Das letzte Argument der schnelleren Betankung wird in kurzer Zeit ebenfalls verschwinden. Wer wird sich dann noch für ein Auto entscheiden, das teurer in der Anschaffung, im Verbrauch und in der Wartung ist. Obendrein schneidet es bauartbedingt schlechter ab bei Sicherheit, Fahrverhalten, Agilität und Platzangebot.

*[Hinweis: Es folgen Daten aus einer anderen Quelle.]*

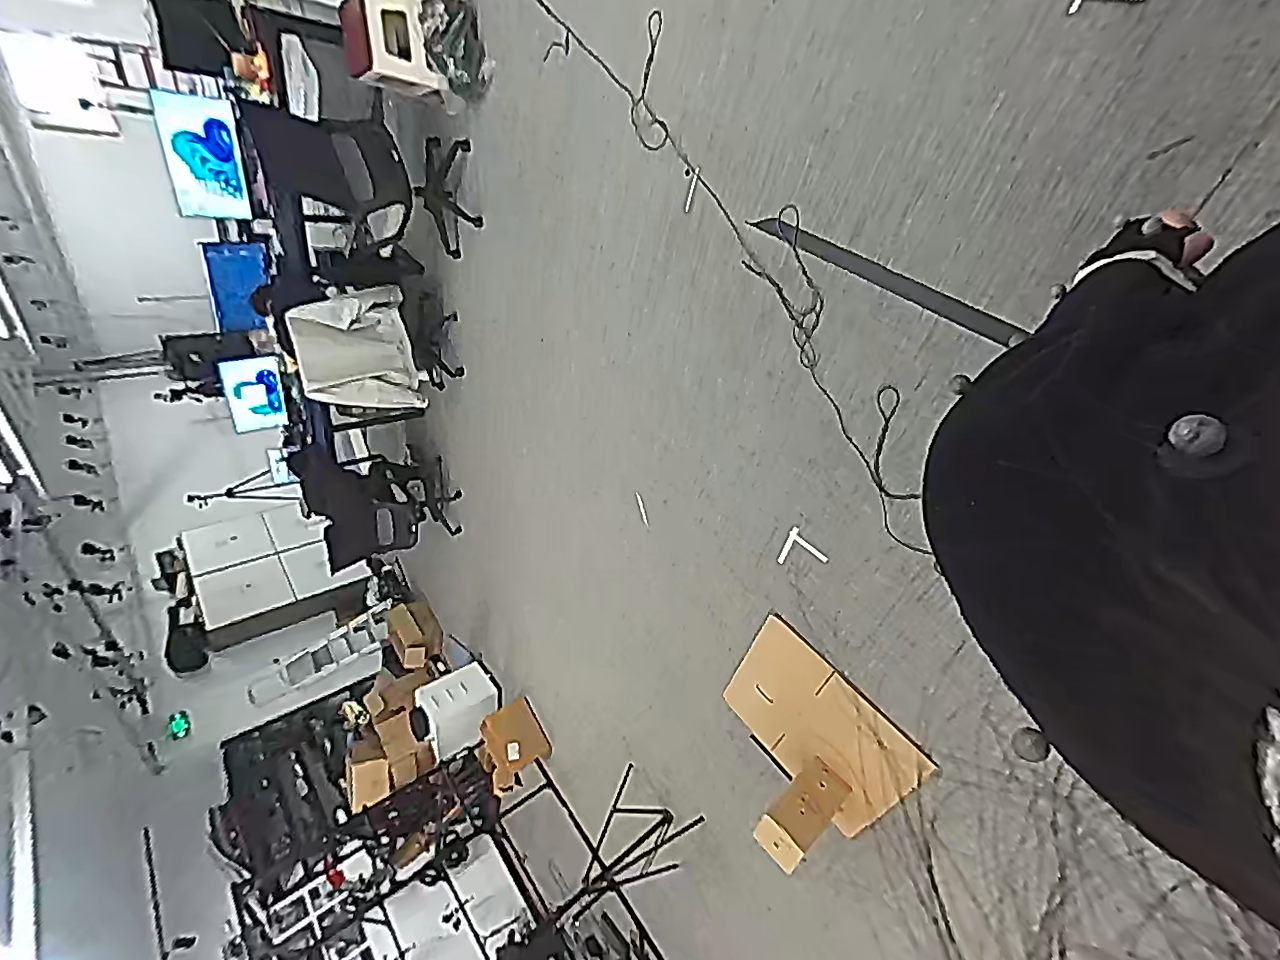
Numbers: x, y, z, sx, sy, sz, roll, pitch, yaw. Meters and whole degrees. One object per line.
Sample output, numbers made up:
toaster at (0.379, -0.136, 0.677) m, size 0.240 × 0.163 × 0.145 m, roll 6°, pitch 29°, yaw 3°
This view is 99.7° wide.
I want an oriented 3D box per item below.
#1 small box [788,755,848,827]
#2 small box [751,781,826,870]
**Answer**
small box at (0.648, 1.172, 2.018) m, size 0.168 × 0.176 × 0.179 m, roll 37°, pitch 130°, yaw 36°
small box at (0.528, 1.219, 1.915) m, size 0.168 × 0.176 × 0.179 m, roll 37°, pitch 131°, yaw 34°
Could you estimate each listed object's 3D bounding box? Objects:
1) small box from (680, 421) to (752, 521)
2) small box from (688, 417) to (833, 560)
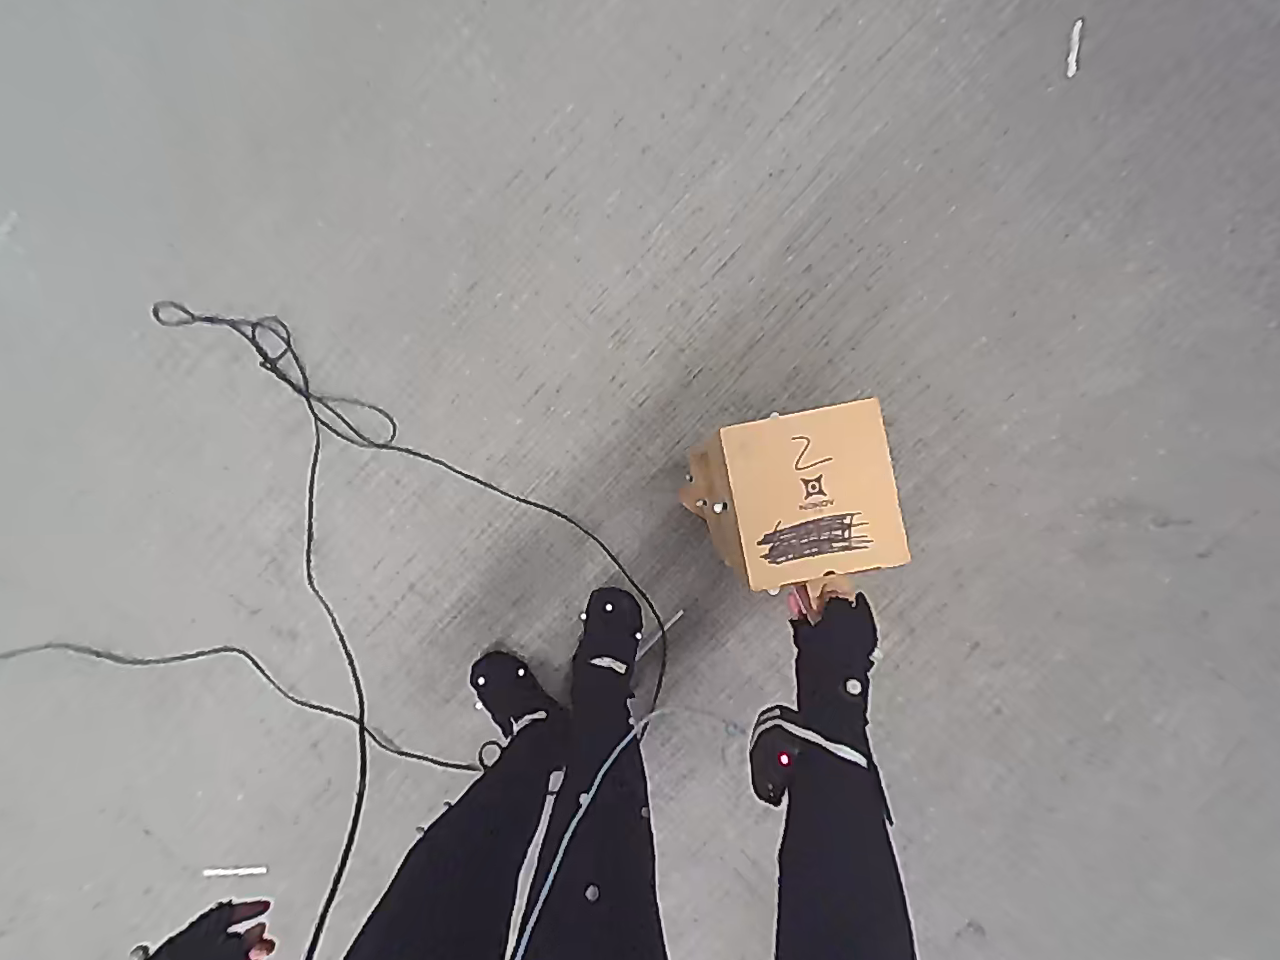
[{"bbox_3d":[0.188,0.009,1.010,0.168,0.176,0.179,38,94,-3],"label":"small box"},{"bbox_3d":[0.181,0.007,0.861,0.168,0.176,0.179,-17,96,2],"label":"small box"}]
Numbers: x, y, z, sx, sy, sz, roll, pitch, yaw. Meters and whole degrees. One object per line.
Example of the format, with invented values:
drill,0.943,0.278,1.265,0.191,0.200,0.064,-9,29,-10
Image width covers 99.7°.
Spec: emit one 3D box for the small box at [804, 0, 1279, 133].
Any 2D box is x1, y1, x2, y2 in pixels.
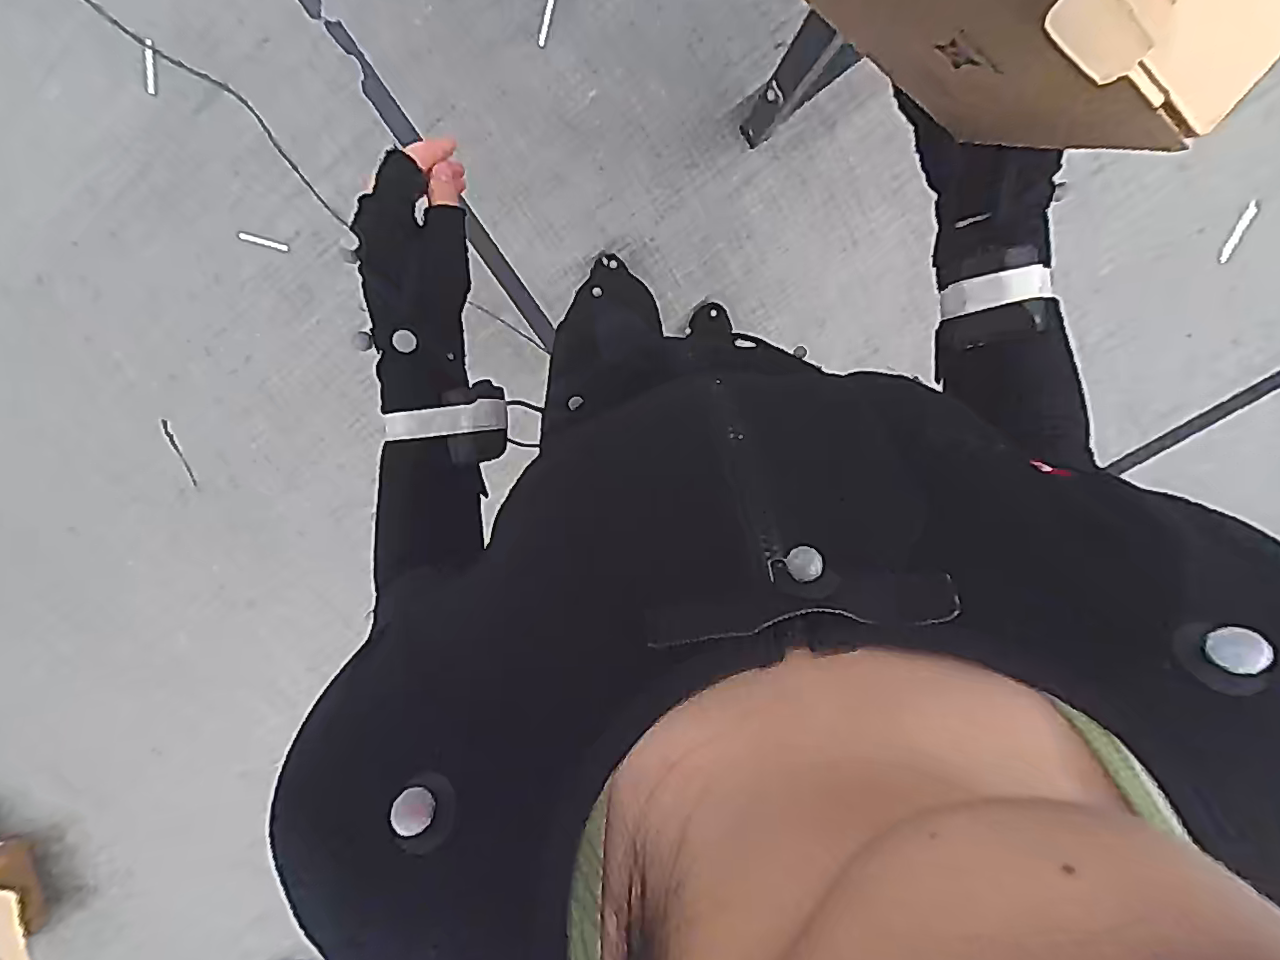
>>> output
small box,0.204,-0.296,0.252,0.168,0.179,0.176,23,116,-22
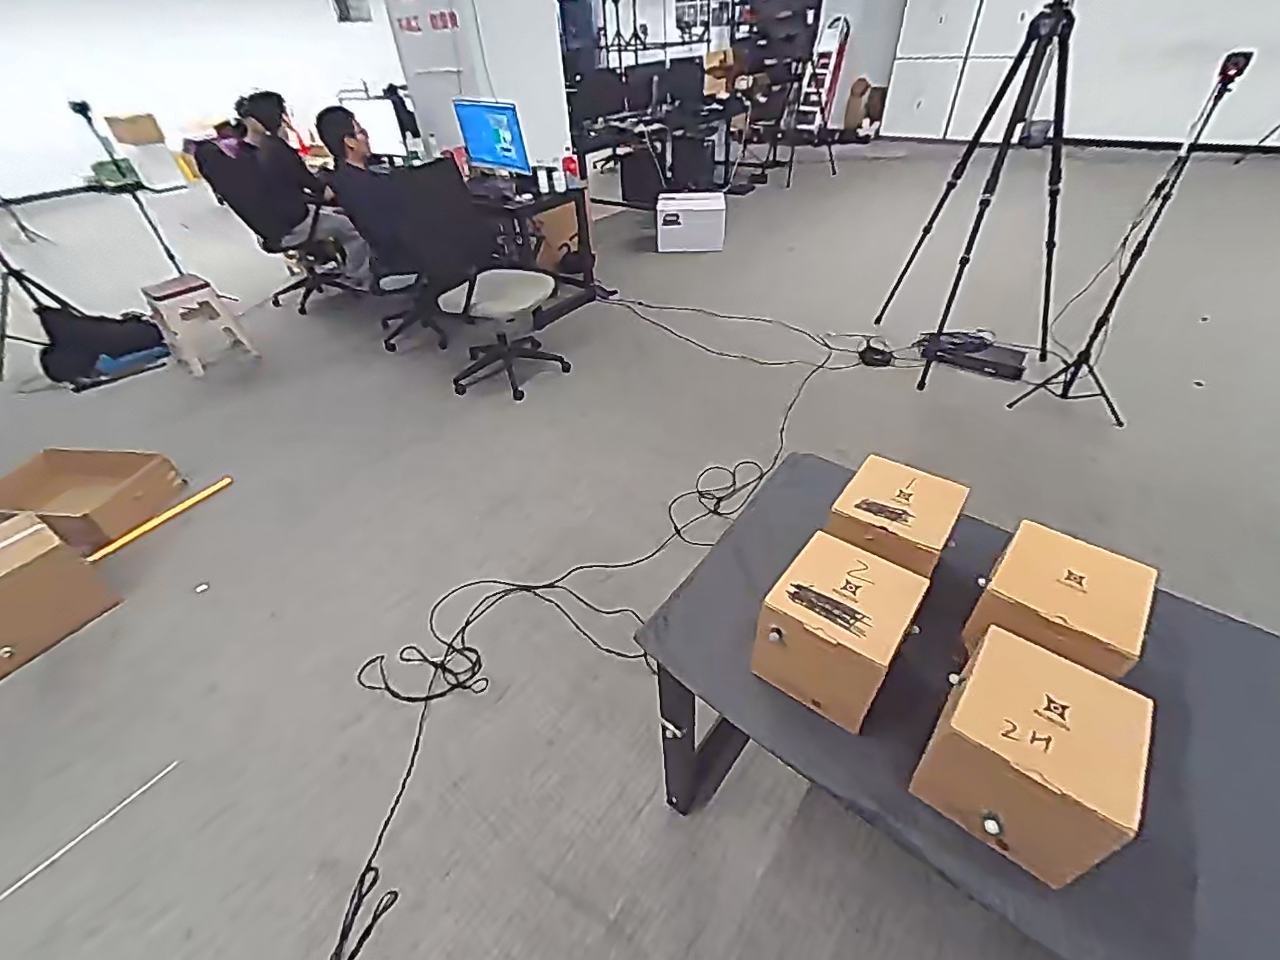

„Ich warte ja lieber auf Wasserstoff.“ Dieses Argument hören E-Mobilisten sehr oft. Wasserstoff ist heute vor allem eines: ein bequemes Argument für Hersteller, Verbraucher und Kommunen, sich nicht verändern zu müssen, und möglichst lange am Verbrennungsmotor festhalten zu können
2020 kommen Elektroauto-Modelle mit mehr Reichweite
In diesem Jahr werden viele deutsche Autofahrer erkennen, dass es keinen Sinn macht, auf Wasserstoff und die Brennstoffzelle zu warten. Denn in diesem Jahr kommen neue Modelle mit mehr Reichweite und hoher Ladegeschwindigkeit auf den Markt, die sowohl für Norweger als auch für Deutsche höchst interessant sind – etwa der Volkswagen ID.3, der Opel Corsa-e, der Ford Mustang Mach-e, der Polestar 2 oder der Peugeot e-208. Wir freuen uns darauf, viele tausende Menschen auf dem Weg in die Elektromobilität zu begleiten.